Rédaction et direction artistique : Nelly Onestas Daou, artiste et médiatrice culturelle
Conception graphique : agence QuatreCentQuatre
Vidéo : Charles-Vincent Dufort
Illustrations : Marie-Eve Turgeon
Photographie : Alexandre Bacon, Anthony François, Camille Tellier, Charles Brilland, Claude Brazeau, Emmanuelle Roberge, Etienne Boisvert, Gabriel Fournier, Jean-Michel Naud, Jean-Michael Seminaro, Maude Saint-Pierre, Marie-Andrée Blais, Marie-Jeanne Tremblay, Olive Dussault, Vincent Girard
Équipe de Culture pour tous :
Volet exposition de Racines plurielles : coordination, relecture et approbation
Emilie Gomez, chargée de projet
Anaïs Kechidi, coordonnatrice
Révision linguistique :
Isabelle Tanguay, chargée de projets – Éducation, réviseuse
Communications : stratégie, intégration et diffusion
Joannie Chassé, directrice des communications et partenariats
Léna Gouérou, conseillère aux communications
Sahara Rose Osega Robles, gestionnaire de communauté
Gabriel Turcotte-Dubé, agent aux communications
Emma Brouwer, coordonnatrice partenariats
Direction générale :
Michel Vallée, président-directeur général
Anastasia Vaillancourt, directrice générale adjointe
Racines plurielles favorise la rencontre entre les citoyens déjà établis et les personnes nouvellement arrivées au Québec par le déploiement d’activités de médiation culturelle interculturelle.
Cette initiative de Culture pour tous, rendue possible grâce à la participation financière du ministère de l’Immigration, de la Francisation et de l’Intégration, est fièrement appuyée par l’Association des bibliothèques publiques du Québec.

Caroline Schryer
Participante, Ville-Marie
« Je suis Caroline Schryer, je demeure à Ville-Marie, dans la belle région du Témiscamingue.
Je suis quelqu’un de manuel : j’ai beaucoup de plaisir à travailler avec mes mains. L’atelier pour faire un canot en bouleau, ça m’a vraiment interpellée.
Pour moi, c’était un peu comme une porte d’entrée pour apprendre à mieux connaître les communautés autochtones proches de la région.
Travailler le bois, l’écorce, ça m’a beaucoup apporté. Ça m’apaise beaucoup, ça m’aide à vivre le moment présent. J’en ai retiré beaucoup de satisfaction.
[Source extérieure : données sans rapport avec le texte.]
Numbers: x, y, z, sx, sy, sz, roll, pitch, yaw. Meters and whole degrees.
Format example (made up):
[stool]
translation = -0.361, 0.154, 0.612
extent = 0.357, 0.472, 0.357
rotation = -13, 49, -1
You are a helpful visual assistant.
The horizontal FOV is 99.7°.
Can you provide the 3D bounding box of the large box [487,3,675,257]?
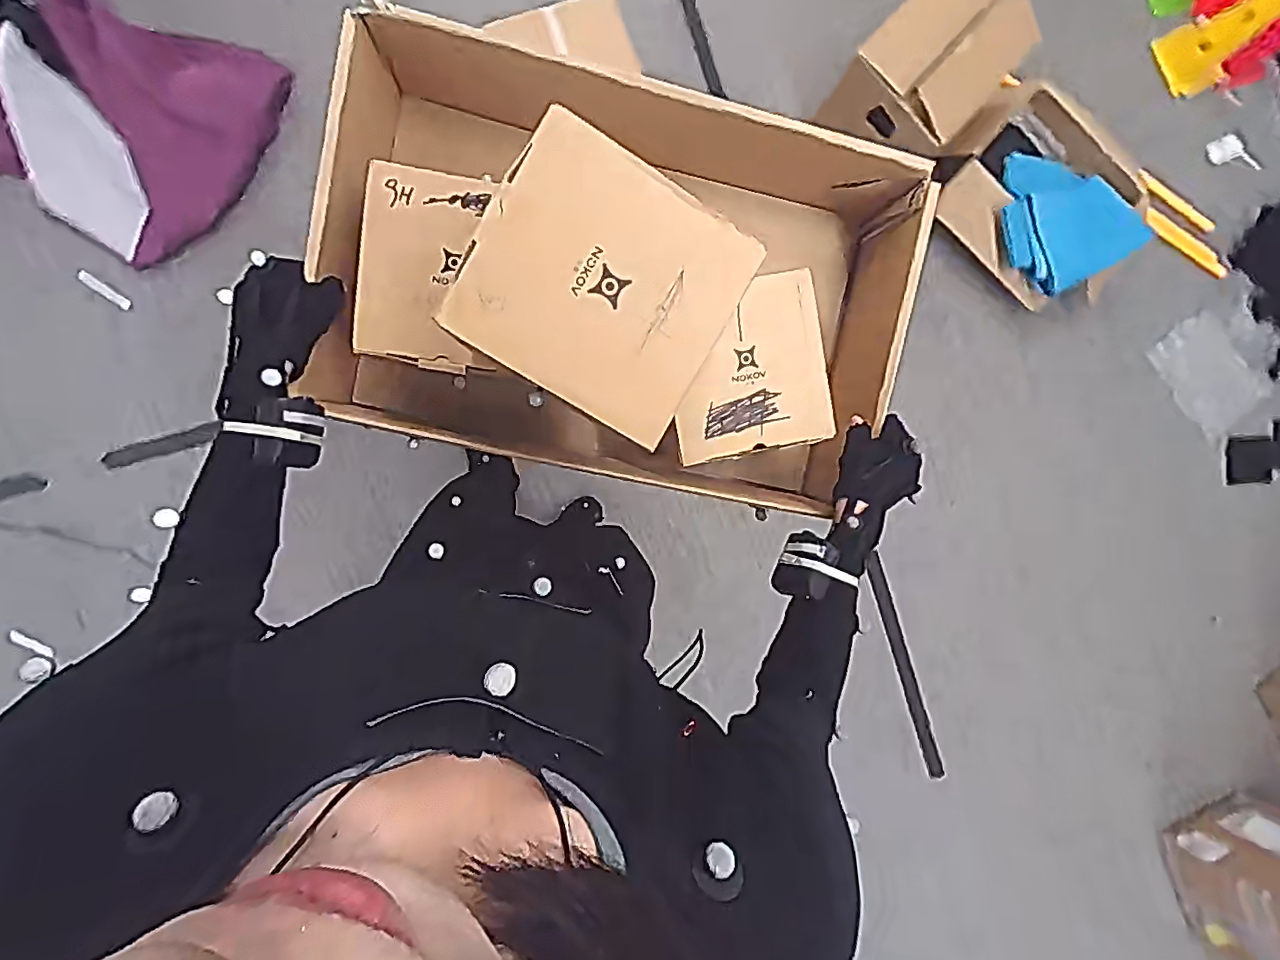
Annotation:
[large box]
translation = -0.151, -0.858, 1.373
extent = 0.320, 0.320, 0.408
rotation = -21, 93, -7

L’échange avec notre professeur, c’était une belle découverte pour moi. Il nous a vraiment enseigné son respect pour la nature, pour ce qu’elle nous donne. Ça m’a fait voir la forêt d’une façon différente.
Avant, je faisais juste "Ah, c’est un bel arbre !". Maintenant, j’observe sur mon terrain les arbres où je pourrais aller collecter des matériaux, mais en respectant la nature. Ils m’intéressent plus. »

« J’ai beaucoup aimé travailler avec des nouveaux arrivants. Avec Denise, on était jumelées. On était toutes les deux gênées au départ. Puis à un moment donné, on s’est dit : "C’est trop difficile, on va aller demander de l’aide". On était déterminées à aller jusqu’au bout. C’était un travail d’équipe vraiment intéressant. Puis on s’est rencontrées par la suite (parce que c’est petit, Ville-Marie) et on s’est tout de suite reconnues.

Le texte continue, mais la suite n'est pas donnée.